→ **To do**:
Lines in the data below that contain the word "object" are to be copied.

→ **Available records**:
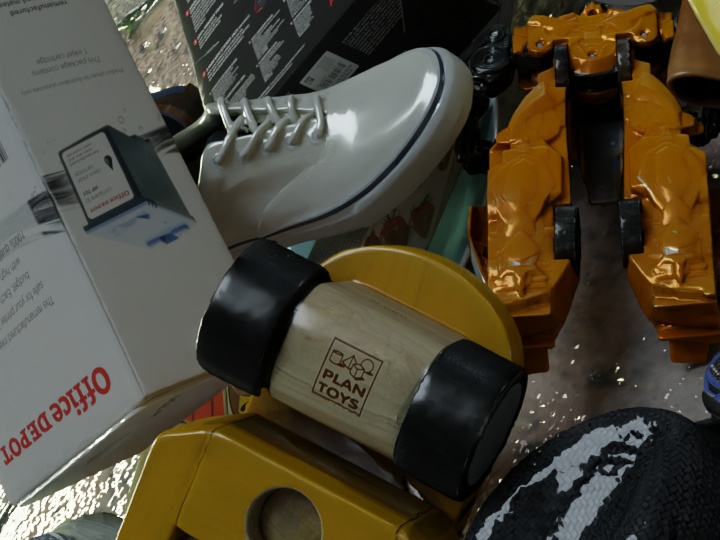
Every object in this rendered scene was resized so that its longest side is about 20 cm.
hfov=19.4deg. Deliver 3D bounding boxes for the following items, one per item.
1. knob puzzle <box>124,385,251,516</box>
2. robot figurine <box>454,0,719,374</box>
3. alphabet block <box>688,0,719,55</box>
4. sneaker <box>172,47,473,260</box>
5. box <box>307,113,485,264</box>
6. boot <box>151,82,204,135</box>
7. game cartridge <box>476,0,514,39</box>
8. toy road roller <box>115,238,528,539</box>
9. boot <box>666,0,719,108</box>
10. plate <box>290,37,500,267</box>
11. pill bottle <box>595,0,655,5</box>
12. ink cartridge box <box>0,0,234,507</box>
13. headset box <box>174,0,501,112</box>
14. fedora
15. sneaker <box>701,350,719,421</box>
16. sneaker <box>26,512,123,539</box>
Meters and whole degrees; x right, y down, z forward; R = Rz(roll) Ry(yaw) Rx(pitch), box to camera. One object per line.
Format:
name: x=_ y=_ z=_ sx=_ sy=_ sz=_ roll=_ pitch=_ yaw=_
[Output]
knob puzzle: x=-0.053 y=0.079 z=0.981 sx=0.219 sy=0.030 sz=0.221 roll=-25 pitch=54 yaw=41
robot figurine: x=0.106 y=-0.046 z=0.945 sx=0.144 sy=0.058 sz=0.201 roll=-4 pitch=45 yaw=9
alphabet block: x=0.209 y=-0.180 z=0.778 sx=0.196 sy=0.200 sz=0.196 roll=-36 pitch=68 yaw=24
sneaker: x=-0.038 y=-0.052 z=0.982 sx=0.199 sy=0.071 sz=0.073 roll=-28 pitch=48 yaw=32
box: x=0.000 y=0.000 z=1.012 sx=0.041 sy=0.039 sz=0.201 roll=23 pitch=90 yaw=54
boot: x=-0.163 y=-0.038 z=1.296 sx=0.200 sy=0.075 sz=0.097 roll=-38 pitch=12 yaw=21
game cartridge: x=0.017 y=-0.150 z=1.152 sx=0.200 sy=0.041 sz=0.134 roll=24 pitch=112 yaw=54
toy road roller: x=-0.005 y=0.088 z=0.848 sx=0.122 sy=0.146 sz=0.201 roll=26 pitch=99 yaw=16
boot: x=0.231 y=-0.164 z=0.928 sx=0.187 sy=0.069 sz=0.201 roll=0 pitch=58 yaw=11
plate: x=0.006 y=-0.036 z=1.075 sx=0.200 sy=0.025 sz=0.201 roll=-26 pitch=54 yaw=42
pill bottle: x=0.146 y=-0.235 z=1.079 sx=0.112 sy=0.112 sz=0.201 roll=-18 pitch=42 yaw=38
ink cartridge box: x=-0.145 y=-0.013 z=0.982 sx=0.086 sy=0.201 sz=0.146 roll=-22 pitch=-10 yaw=-41
headset box: x=-0.024 y=-0.161 z=1.090 sx=0.149 sy=0.075 sz=0.201 roll=-47 pitch=41 yaw=28
fedora: x=0.090 y=0.121 z=0.774 sx=0.200 sy=0.092 sz=0.201 roll=-31 pitch=35 yaw=25
sneaker: x=0.200 y=-0.013 z=0.775 sx=0.200 sy=0.079 sz=0.075 roll=-39 pitch=28 yaw=-11
sneaker: x=-0.092 y=0.164 z=0.916 sx=0.199 sy=0.086 sz=0.078 roll=8 pitch=101 yaw=40

→ **Solution below**:
Every object in this rendered scene was resized so that its longest side is about 20 cm.
Meters and whole degrees; x right, y down, z forward; R = Rz(roll) Ry(yaw) Rx(pitch), box to camera. One object per line.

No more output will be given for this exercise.